You most likely have thought about it at one time or another, take a passion you have, and if nothing else, start a part time gig to get things rolling. Anything to make some of this mess work for you and become used to filing an itemized return in the future. Save all receipts for your ‘start up’ business and or hobby.
Yes, some hobbies can be classified as a legitimate expense. Main school of thought should be to keep as much of your hard earned money as you can and starting a small business is one way to make that happen.
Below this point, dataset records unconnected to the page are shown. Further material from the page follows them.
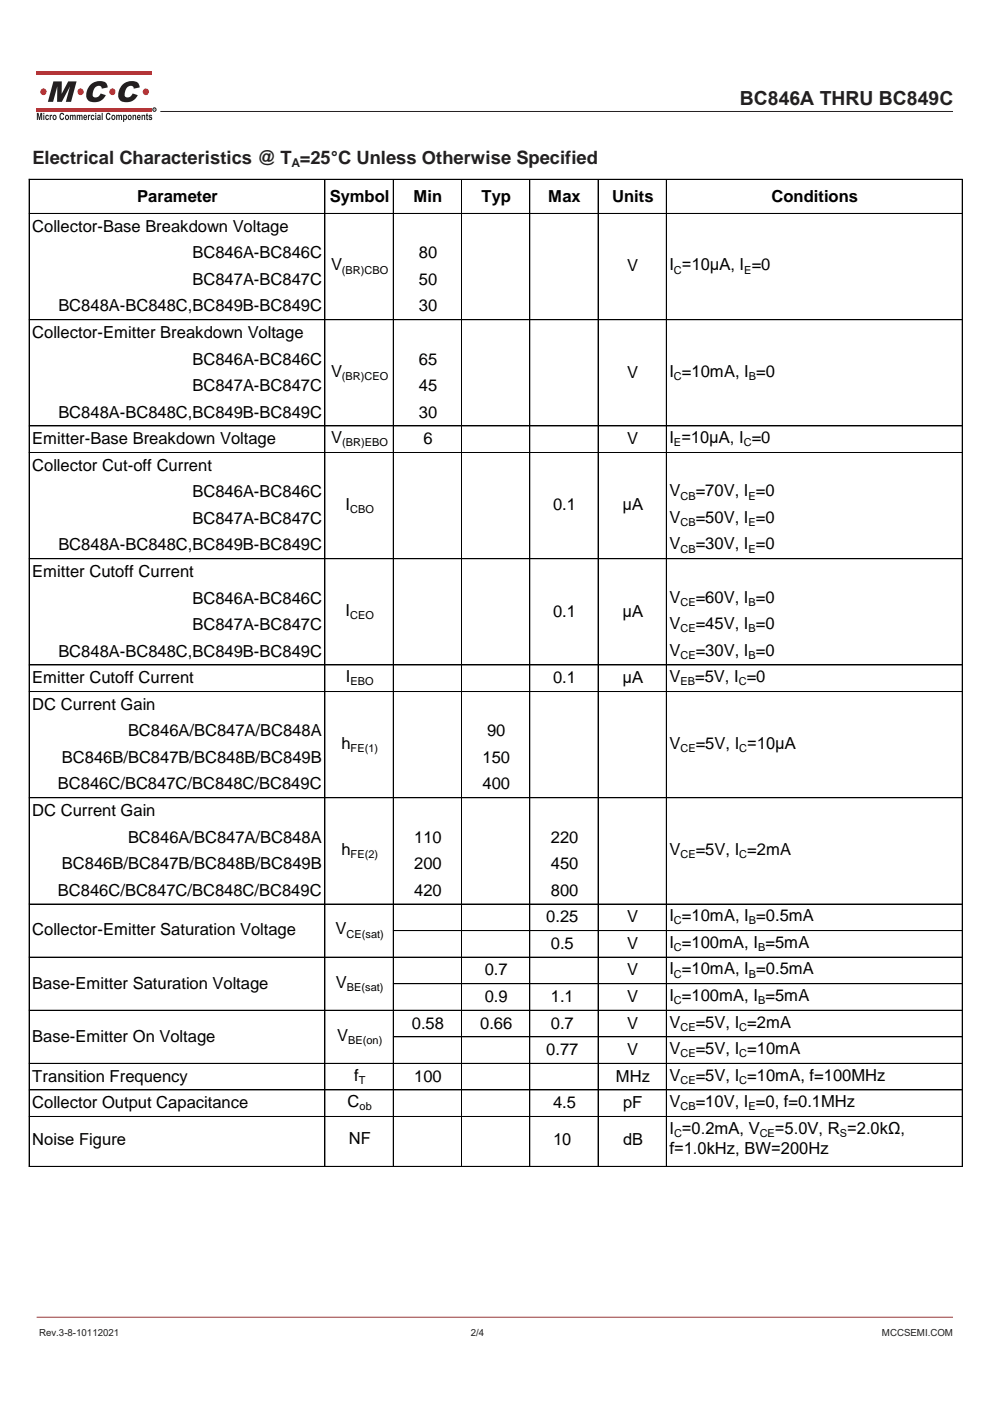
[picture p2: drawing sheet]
<svg xmlns="http://www.w3.org/2000/svg" width="210mm" height="297mm" viewBox="0 0 210 297" stroke-linecap="round" stroke-linejoin="round" font-family="sans-serif">
<defs><g id="words">
<text font-size="4.1" fill="#231f20" x="156.9" y="22.2">BC846A THRU BC849C</text>
<text font-size="3.9" fill="#231f20" x="6.9" y="34.7">Electrical Characteristics @ T =25°C Unless Otherwise Specified</text>
<g font-size="3.5">
<text x="29.1" y="42.7">Parameter</text>
<text x="70" y="42.7">Symbol</text>
<text x="87.7" y="42.7">Min</text>
<text x="102.1" y="42.7">Typ</text>
<text x="116.3" y="42.7">Max</text>
<text x="129.8" y="42.7">Units</text>
<text x="163.6" y="42.7">Conditions</text>
<text x="6.8" y="49.1">Collector-Base Breakdown Voltage</text>
<text x="40.8" y="54.8">BC846A-BC846C</text>
<text x="70.2" y="57.3">V</text>
<text x="88.8" y="54.8">80</text>
<text x="133.1" y="57.6">V</text>
<text x="142" y="57.3">I =10μA, I =0</text>
<text x="40.8" y="60.4">BC847A-BC847C</text>
<text x="88.8" y="60.4">50</text>
<text x="6.8" y="71.7">Collector-Emitter Breakdown Voltage</text>
<text x="12.4" y="66">BC848A-BC848C,BC849B-BC849C</text>
<text x="88.8" y="66">30</text>
<text x="40.8" y="77.3">BC846A-BC846C</text>
<text x="88.8" y="77.3">65</text>
<text x="40.8" y="82.9">BC847A-BC847C</text>
<text x="70.2" y="79.9">V</text>
<text x="88.8" y="82.9">45</text>
<text x="133.1" y="80.1">V</text>
<text x="142" y="79.9">I =10mA, I =0</text>
<text x="12.4" y="88.6">BC848A-BC848C,BC849B-BC849C</text>
<text x="88.8" y="88.6">30</text>
<text x="6.8" y="94.2">Emitter-Base Breakdown Voltage</text>
<text x="70.3" y="94">V</text>
<text x="89.8" y="94.2">6</text>
<text x="133.1" y="94.2">V</text>
<text x="142" y="94">I =10μA, I =0</text>
<text x="6.8" y="99.8">Collector Cut-off Current</text>
<text x="40.8" y="105.4">BC846A-BC846C</text>
<text x="142" y="105.2">V</text>
<text x="147.6" y="105.2">=70V, I =0</text>
<text x="40.8" y="111.1">BC847A-BC847C</text>
<text x="73.3" y="108">I</text>
<text x="117.3" y="108.2">0.1</text>
<text x="132" y="108.2">μA</text>
<text x="142" y="110.9">V</text>
<text x="147.6" y="110.9">=50V, I =0</text>
<text x="12.4" y="116.7">BC848A-BC848C,BC849B-BC849C</text>
<text x="142" y="116.5">V</text>
<text x="147.6" y="116.5">=30V, I =0</text>
<text x="6.8" y="122.3">Emitter Cutoff Current</text>
<text x="40.8" y="128">BC846A-BC846C</text>
<text x="73.3" y="130.6">I</text>
<text x="117.3" y="130.8">0.1</text>
<text x="132" y="130.8">μA</text>
<text x="142" y="127.8">V</text>
<text x="147.6" y="127.8">=60V, I =0</text>
<text x="40.8" y="133.6">BC847A-BC847C</text>
<text x="142" y="133.4">V</text>
<text x="147.6" y="133.4">=45V, I =0</text>
<text x="12.4" y="139.2">BC848A-BC848C,BC849B-BC849C</text>
<text x="142" y="139">V</text>
<text x="147.6" y="139">=30V, I =0</text>
<text x="6.8" y="144.9">Emitter Cutoff Current</text>
<text x="73.4" y="144.6">I</text>
<text x="117.3" y="144.9">0.1</text>
<text x="132" y="144.9">μA</text>
<text x="142" y="144.6">V</text>
<text x="147.4" y="144.6">=5V, I =0</text>
<text x="6.8" y="150.5">DC Current Gain</text>
<text x="13.1" y="161.8">BC846B/BC847B/BC848B/BC849B</text>
<text x="27.1" y="156.1">BC846A/BC847A/BC848A</text>
<text x="72.4" y="158.7">h</text>
<text x="102.4" y="161.8">150</text>
<text x="103.3" y="156.1">90</text>
<text x="142" y="158.7">V</text>
<text x="147.6" y="158.7">=5V, I =10μA</text>
<text x="12.3" y="167.4">BC846C/BC847C/BC848C/BC849C</text>
<text x="102.4" y="167.4">400</text>
<text x="6.8" y="173">DC Current Gain</text>
<text x="27.1" y="178.6">BC846A/BC847A/BC848A</text>
<text x="87.9" y="178.6">110</text>
<text x="116.8" y="178.6">220</text>
<text x="13.1" y="184.3">BC846B/BC847B/BC848B/BC849B</text>
<text x="72.4" y="181.2">h</text>
<text x="87.9" y="184.3">200</text>
<text x="116.8" y="184.3">450</text>
<text x="142" y="181.2">V</text>
<text x="147.6" y="181.2">=5V, I =2mA</text>
<text x="12.3" y="189.9">BC846C/BC847C/BC848C/BC849C</text>
<text x="87.9" y="189.9">420</text>
<text x="116.8" y="189.9">800</text>
<text x="115.9" y="195.5">0.25</text>
<text x="133.1" y="195.5">V</text>
<text x="142" y="195.3">I =10mA, I =0.5mA</text>
<text x="6.8" y="198.3">Collector-Emitter Saturation Voltage</text>
<text x="71.2" y="198.1">V</text>
<text x="116.8" y="201.2">0.5</text>
<text x="133.1" y="201.2">V</text>
<text x="142" y="201">I =100mA, I =5mA</text>
<text x="6.8" y="209.6">Base-Emitter Saturation Voltage</text>
<text x="71.2" y="209.4">V</text>
<text x="102.8" y="206.8">0.7</text>
<text x="133.1" y="206.8">V</text>
<text x="142" y="206.6">I =10mA, I =0.5mA</text>
<text x="102.8" y="212.4">0.9</text>
<text x="116.8" y="212.4">1.1</text>
<text x="133.1" y="212.4">V</text>
<text x="142" y="212.2">I =100mA, I =5mA</text>
<text x="6.8" y="220.9">Base-Emitter On Voltage</text>
<text x="71.5" y="220.6">V</text>
<text x="87.4" y="218.1">0.58</text>
<text x="101.8" y="218.1">0.66</text>
<text x="116.8" y="218.1">0.7</text>
<text x="133.1" y="218.1">V</text>
<text x="142" y="217.9">V</text>
<text x="147.6" y="217.9">=5V, I =2mA</text>
<text x="115.9" y="223.7">0.77</text>
<text x="133.1" y="223.7">V</text>
<text x="142" y="223.5">V</text>
<text x="147.6" y="223.5">=5V, I =10mA</text>
<text x="6.8" y="229.3">Transition Frequency</text>
<text x="75.1" y="229.1">f</text>
<text x="87.9" y="229.3">100</text>
<text x="130.6" y="229.3">MHz</text>
<text x="142" y="229.1">V</text>
<text x="147.6" y="229.1">=5V, I =10mA, f=100MHz</text>
<text x="6.8" y="235">Collector Output Capacitance</text>
<text x="73.7" y="234.7">C</text>
<text x="117.3" y="235">4.5</text>
<text x="132.2" y="235">pF</text>
<text x="142" y="234.7">V</text>
<text x="147.6" y="234.7">=10V, I =0, f=0.1MHz</text>
<text x="6.8" y="242.7">Noise Figure</text>
<text x="74" y="242.5">NF</text>
<text x="117.3" y="242.7">10</text>
<text x="132.2" y="242.7">dB</text>
<text x="142" y="244.7">f=1.0kHz, BW=200Hz</text>
<text x="142" y="240.5">I =0.2mA, V</text>
<text x="164.4" y="240.5">=5.0V, R =2.0kΩ,</text>
</g>
<text font-size="2.6" fill="#231f20" x="61.8" y="35.5">A</text>
<g font-size="2.3">
<text x="72.5" y="58">(BR)CBO</text>
<text x="143" y="58">C</text>
<text x="157.9" y="58">E</text>
<text x="72.5" y="80.5">(BR)CEO</text>
<text x="143" y="80.5">C</text>
<text x="158.8" y="80.5">B</text>
<text x="72.6" y="94.6">(BR)EBO</text>
<text x="143" y="94.6">E</text>
<text x="157.7" y="94.6">C</text>
<text x="144.3" y="105.9">CB</text>
<text x="158.8" y="105.9">E</text>
<text x="74.2" y="108.7">CBO</text>
<text x="144.3" y="111.5">CB</text>
<text x="158.8" y="111.5">E</text>
<text x="144.3" y="117.2">CB</text>
<text x="158.8" y="117.2">E</text>
<text x="74.2" y="131.2">CEO</text>
<text x="144.3" y="128.4">CE</text>
<text x="158.8" y="128.4">B</text>
<text x="144.3" y="134.1">CE</text>
<text x="158.8" y="134.1">B</text>
<text x="144.3" y="139.7">CE</text>
<text x="158.8" y="139.7">B</text>
<text x="74.3" y="145.3">EBO</text>
<text x="144.3" y="145.3">EB</text>
<text x="156.7" y="145.3">C</text>
<text x="74.4" y="159.4">FE(1)</text>
<text x="144.3" y="159.4">CE</text>
<text x="156.8" y="159.4">C</text>
<text x="74.4" y="181.9">FE(2)</text>
<text x="144.3" y="181.9">CE</text>
<text x="156.8" y="181.9">C</text>
<text x="143" y="196">C</text>
<text x="158.8" y="196">B</text>
<text x="73.5" y="198.8">CE(sat)</text>
<text x="143" y="201.6">C</text>
<text x="160.8" y="201.6">B</text>
<text x="143" y="207.3">C</text>
<text x="158.8" y="207.3">B</text>
<text x="73.6" y="210.1">BE(sat)</text>
<text x="143" y="212.9">C</text>
<text x="160.8" y="212.9">B</text>
<text x="73.8" y="221.3">BE(on)</text>
<text x="144.3" y="218.5">CE</text>
<text x="156.8" y="218.5">C</text>
<text x="144.3" y="224.2">CE</text>
<text x="156.8" y="224.2">C</text>
<text x="76.1" y="229.8">T</text>
<text x="144.3" y="229.8">CE</text>
<text x="156.8" y="229.8">C</text>
<text x="76.3" y="235.4">ob</text>
<text x="144.3" y="235.4">CB</text>
<text x="158.8" y="235.4">E</text>
<text x="143" y="241.1">C</text>
<text x="161.1" y="241.1">CE</text>
<text x="178.1" y="241.1">S</text>
</g>
<g font-size="2.1" fill="#231f20">
<text x="8.3" y="283.2">Rev.3-8-10112021</text>
<text x="99.8" y="283.2">2/4</text>
<text x="187.1" y="283.2">MCCSEMI.COM</text>
</g>
</g></defs>
<g fill="#d62629">
<path d="M7.8 15.2h24.4v.8h-24.4z"/>
<path d="M7.8 22.8h24.4v.8h-24.4z"/>
</g>
<g fill="#231f20">
<path d="M7.8 23.9h.4l.2 1.1 .2-1.1h.3v1.5h-.2v-1.1l-.2 1.1h-.2l-.3-1.1v1.1h-.2zM9.2 23.9h.2v.3h-.2zM9.2 24.3h.2v1.1h-.2zM9.7 24.5l.4-.2 .3 .4h-.2l-.1-.1a.32 .32 0 0 0-.3 .3 .32 .32 0 0 0 .3 .3l.1-.2 .2 .1a.44 .44 0 0 1-.6 .3 .44 .44 0 0 1-.2-.7zM10.5 24.3h.2v.2l.2-.2 .2 .1-.1 .2-.2 .1v.7h-.3zM11.3 24.5a.49 .49 0 0 1 .7 .4 .49 .49 0 0 1-.7 .4l-.2-.4zM11.4 24.6l.1 .6a.29 .29 0 0 0 .3-.3 .29 .29 0 0 0-.4-.3zM12.9 24l.4-.1 .3 .4-.2 .1-.2-.2a.52 .52 0 0 0-.4 .5 .52 .52 0 0 0 .4 .5l.2-.3 .2 .1a.54 .54 0 0 1-.6 .4 .54 .54 0 0 1-.4-.7zM13.9 24.5a.49 .49 0 0 1 .7 .4 .49 .49 0 0 1-.7 .4l-.1-.4zM14.1 24.6v.6a.29 .29 0 0 0 .3-.3 .29 .29 0 0 0-.3-.3zM14.8 24.3h.2v.2l.3-.2a.27 .27 0 0 0 .2 .2 .27 .27 0 0 0 .3-.2l.2 .2 .1 .9h-.3l-.1-.9-.1 .2-.1 .7h-.2l-.1-.9-.1 .2-.1 .7h-.2zM16.3 24.3h.2v.2l.2-.2a.27 .27 0 0 0 .3 .2 .27 .27 0 0 0 .2-.2l.3 .2v.9h-.2l-.1-.9-.2 .2v.7h-.2l-.1-.9-.2 .2v.7h-.2zM17.8 24.5l.3-.2 .3 .2 .1 .5h-.6v.1l.2 .1 .1-.1h.3a.45 .45 0 0 1-.7 .3 .45 .45 0 0 1-.1-.7zM18 24.6l-.1 .2h.3l-.1-.2zM18.6 24.3h.2v.2l.2-.2 .2 .1-.1 .2-.2 .1v.7h-.3zM19.4 24.5l.4-.2 .2 .4h-.2l-.1-.1a.32 .32 0 0 0-.2 .3 .32 .32 0 0 0 .3 .3v-.2l.2 .1a.44 .44 0 0 1-.6 .3 .44 .44 0 0 1-.1-.7zM20.2 23.9h.2v.3h-.2zM20.2 24.3h.2v1.1h-.2zM20.7 24.4a.36 .36 0 0 1 .5-.1 .36 .36 0 0 1 .1 .4l.1 .7-.3-.1a.34 .34 0 0 1-.5-.2 .34 .34 0 0 1 .4-.3v-.2h-.4zM20.8 25.1a.2 .2 0 0 0 .4 0 .2 .2 0 0 0-.4 0zM21.6 23.9h.2v1.5h-.2zM22.7 24l.5-.1 .3 .4-.3 .1-.1-.2a.52 .52 0 0 0-.4 .5 .52 .52 0 0 0 .4 .5l.1-.3 .3 .1a.54 .54 0 0 1-.7 .4 .54 .54 0 0 1-.4-.7zM23.7 24.5a.49 .49 0 0 1 .8 .4 .49 .49 0 0 1-.8 .4l-.1-.4zM23.9 24.6l.1 .6a.29 .29 0 0 0 .3-.3 .29 .29 0 0 0-.4-.3zM24.6 24.3h.2v.2l.3-.2a.27 .27 0 0 0 .3 .2 .27 .27 0 0 0 .2-.2l.3 .2v.9h-.2l-.2-.9-.1 .2v.7h-.2l-.2-.9-.1 .2v.7h-.3zM26.1 24.3h.2v.2l.1-.1a.51 .51 0 0 1 .6 .5 .51 .51 0 0 1-.6 .5l-.1 .5h-.2zM26.4 24.6a.31 .31 0 0 0-.1 .4 .31 .31 0 0 0 .4 .2v-.5zM27.2 24.5a.49 .49 0 0 1 .7 .4 .49 .49 0 0 1-.7 .4l-.1-.4zM27.4 24.6v.6a.29 .29 0 0 0 .3-.3 .29 .29 0 0 0-.3-.3zM28.1 24.3h.2v.2l.1-.1a.31 .31 0 0 1 .4 0 .31 .31 0 0 1 .1 .4v.6h-.2v-.7l-.2-.2-.1 .2-.1 .7h-.2zM29.2 24.5l.2-.2 .3 .2 .1 .5h-.5v.1l.2 .1 .1-.1h.2a.45 .45 0 0 1-.6 .3 .45 .45 0 0 1-.1-.7zM29.3 24.6v.2h.3l-.1-.2zM30 24.3h.2v.2l.2-.1a.31 .31 0 0 1 .3 0 .31 .31 0 0 1 .1 .4v.6h-.2v-.7l-.2-.2-.1 .2-.1 .7h-.2zM31 24.1l.3-.1v.3h.1v.3h-.1l.1 .9-.3-.2-.2-.7zM31.6 24.4l.4-.1 .3 .3-.4-.1-.2 .2a.42 .42 0 0 1 .5 .3 .42 .42 0 0 1-.3 .5l-.4-.4 .6 .1-.6-.4z"/>
<path d="M11.3 17.3h1.8v2.6l1.4-2.6h1.7l-1.1 4.3h-1.1l.9-3.3-1.8 3.3h-1l.1-3.3-.9 3.3h-1.1zM19.1 18a2.61 2.61 0 0 1 3.5-.3l.2 .8-1.2 .3a.74 .74 0 0 0-.6-.7 .74 .74 0 0 0-.8 .5 1.82 1.82 0 0 0-.4 1.9 1.09 1.09 0 0 0 1.6-.7l1 .4a2.49 2.49 0 0 1-3.9 .9 2.76 2.76 0 0 1 .6-3.1zM25.9 18a2.61 2.61 0 0 1 3.5-.3l.2 .8-1.2 .3a.74 .74 0 0 0-.6-.7 .74 .74 0 0 0-.9 .5 1.82 1.82 0 0 0-.3 1.9 1.09 1.09 0 0 0 1.5-.7l1.1 .4a2.49 2.49 0 0 1-3.9 .9 2.76 2.76 0 0 1 .6-3.1z"/>
</g>
<g fill="#d62629">
<circle cx="30.9" cy="19.5" r=".68"/>
<circle cx="23.8" cy="19.5" r=".68"/>
<circle cx="17.1" cy="19.5" r=".68"/>
<circle cx="9.2" cy="19.5" r=".68"/>
</g>
<circle cx="32.7" cy="23.2" r=".37" fill="none" stroke="#231f20" stroke-width=".21"/>
<path d="M32.6 23h.3l-.1 .3 .2 .1-.3-.1-.1 .1zM32.7 23.1v.1h.2z" fill="#231f20"/>
<path d="M34 23.6h168.1" fill="none" stroke="#231f20" stroke-width=".21"/>
<path d="M7.8 279.3h194.3" fill="none" stroke="#d62629" stroke-width=".21"/>
<g fill="none" stroke="#000" stroke-width=".21">
<path d="M6.2 38v209.3M6.2 38h197.9v209.3M68.9 38v209.3M83.4 38v209.3M97.9 38v209.3M112.4 38v209.3M126.8 38v209.3M141.3 38v209.3M6.2 45.3h197.9M6.2 67.8h197.9M6.2 90.3h197.9M6.2 95.9h197.9"/>
<path d="M6.2 118.5h197.9M6.2 141h197.9M6.2 146.6h197.9M6.2 169.1h197.9M6.2 191.7h197.9M83.4 197.3h120.7M6.2 202.9h197.9M6.2 214.2h197.9M83.4 208.6h120.7M83.4 219.8h120.7M6.2 225.5h197.9M6.2 231.1h197.9"/>
<path d="M6.2 236.7h197.9M6.2 247.3h197.9"/>
</g>
<use href="#words"/>
</svg>

You don’t have to and probably don’t want to make a ‘profit’ the first year and no one requires you to, even for the first few years.
Confront the People Who Brought Us This Mess
One final suggestion would be to ask your Representative or Senator how they feel the new law is working out for them. I’d bet you get nothing but an ‘everything is fine’ with the new law, and for folks in their tax situations, it truly is. Or if you happen to see Paul Ryan or Mitch McConnell on the street, ask them how they sleep at night.